Mazola Corn Oil is an all-purpose, cholesterol-free cooking oil that is a smart heart-healthy* choice for your family. *See Mazola.com for more information on the relationship between corn oil and heart health. It has a variety of uses include baking, grilling, sautéing, stir frying, or mixing up a marinade or dressing.
With so many uses, it’s no wonder Mazola Corn Oil is the perfect choice for this recipe. To make a lightened up version of Chicken Alfredo Pasta, I made three easy swaps:
- I used spaghetti squash instead of pasta for the “noodles.” Spaghetti squash has a great texture and a nice “bite” to it that feels as satisfying as pasta. I prefer it over zucchini “zoodles” any day!

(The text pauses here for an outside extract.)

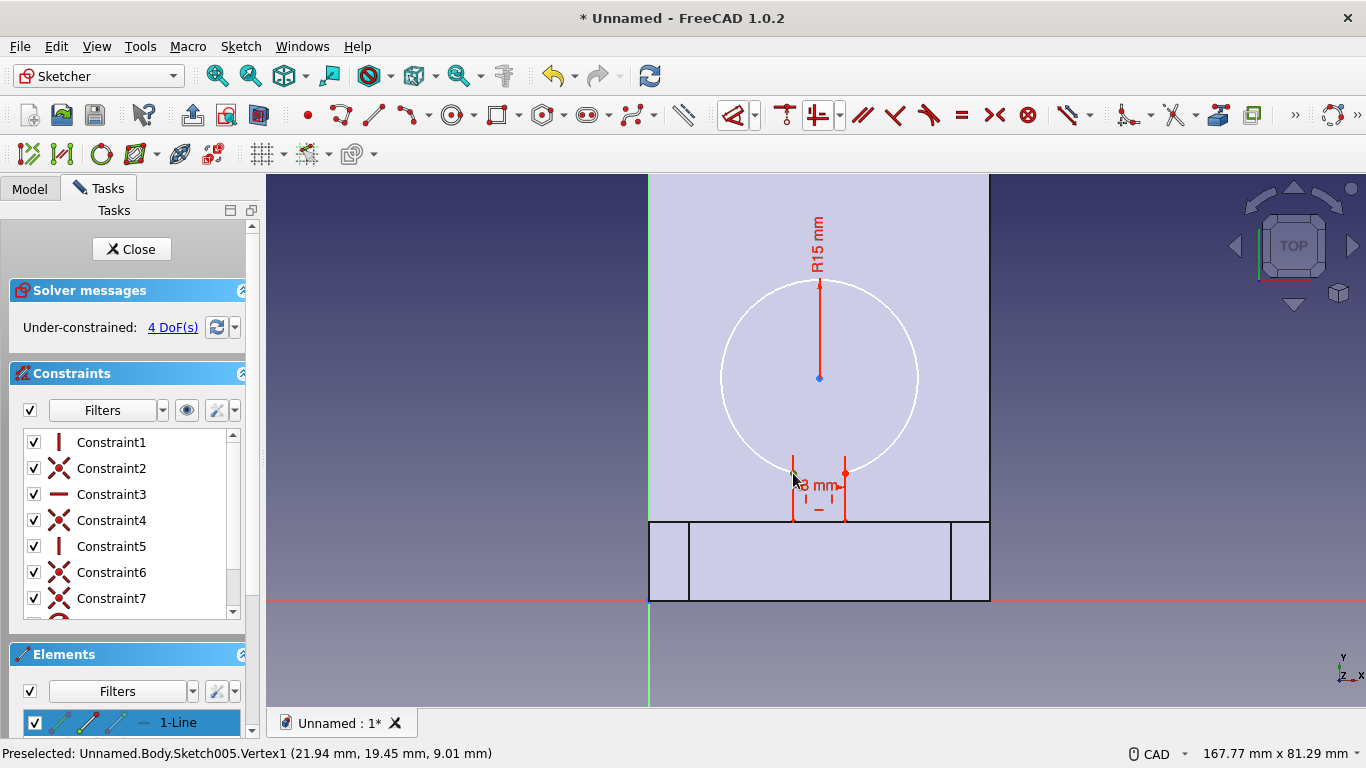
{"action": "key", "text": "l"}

Spaghetti squash is low-carb and it’s a vegetable! Win win.
- I made a homemade “skinny Alfredo sauce” instead of a store-bought jar of Alfredo sauce that is typically loaded with fat, too much sodium, added sugars, and preservatives. There’s no need for any of those things when it’s so easy to make a lighter Alfredo sauce at home.

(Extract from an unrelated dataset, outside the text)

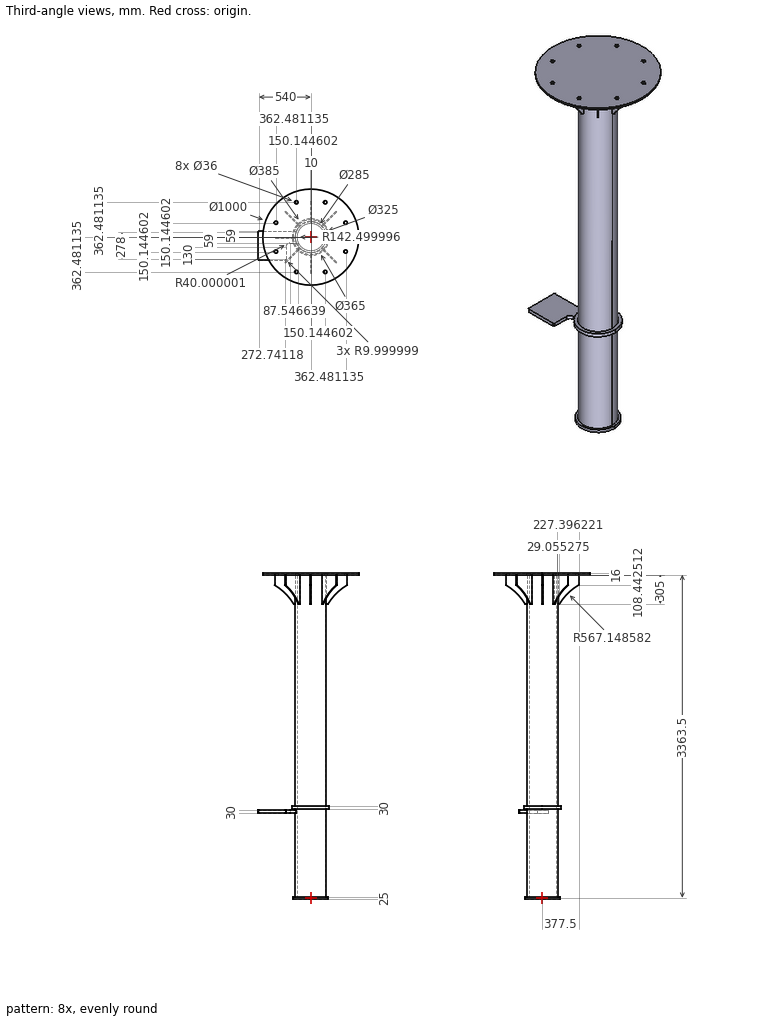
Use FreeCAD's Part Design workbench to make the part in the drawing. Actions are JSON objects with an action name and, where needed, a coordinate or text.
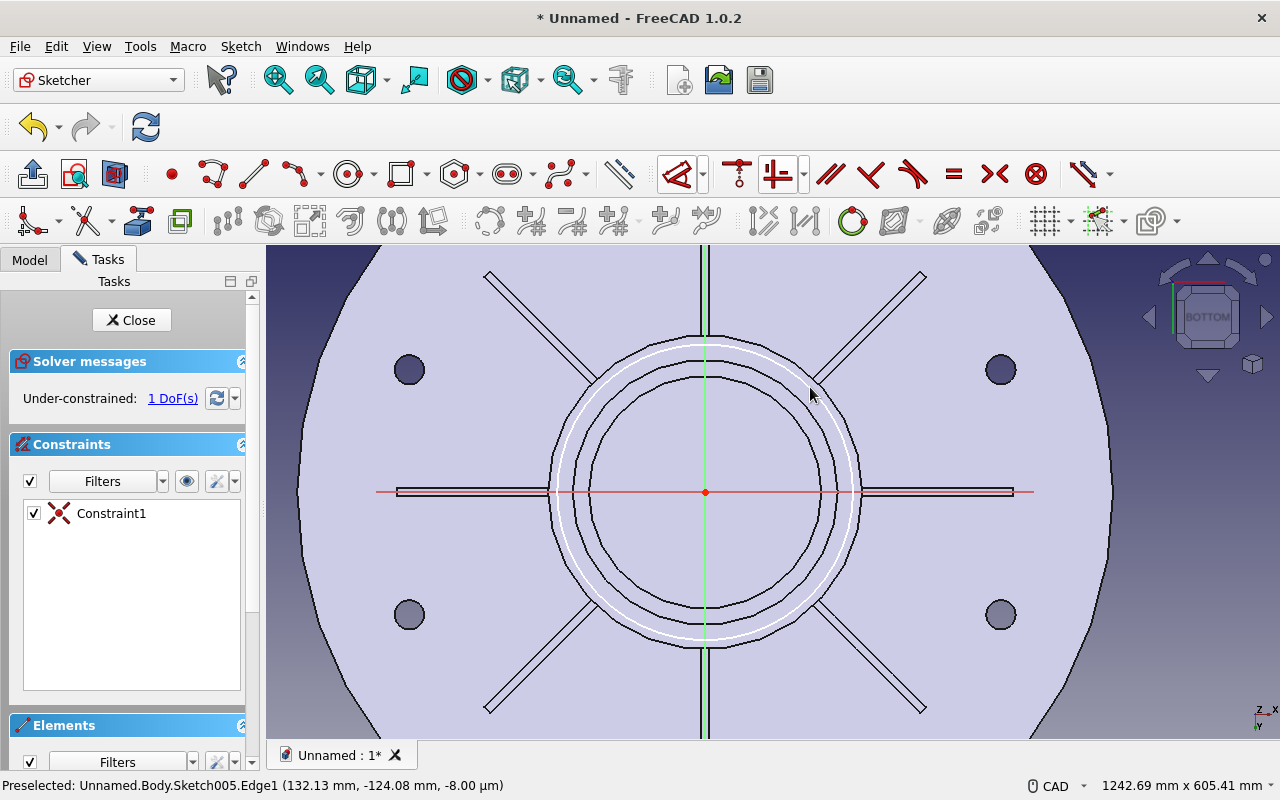
{"action": "left_click", "coordinate": [809, 387]}

- I used Mazola Corn Oil instead of butter to make the Alfredo sauce and to cook the chicken. Corn oil is great for searing meats such as chicken because it has a high smoke point of 450°F, which means you can cook at a high temperature without negatively affecting the food’s flavor and nutritional value.
Skinny Alfredo sauce
Alfredo sauce typically uses rich half and half, or sometimes even heavy whipping cream. I’m not going to lie, of course that is delicious. But you can make a very good Alfredo sauce that passes the taste test with much lighter ingredients.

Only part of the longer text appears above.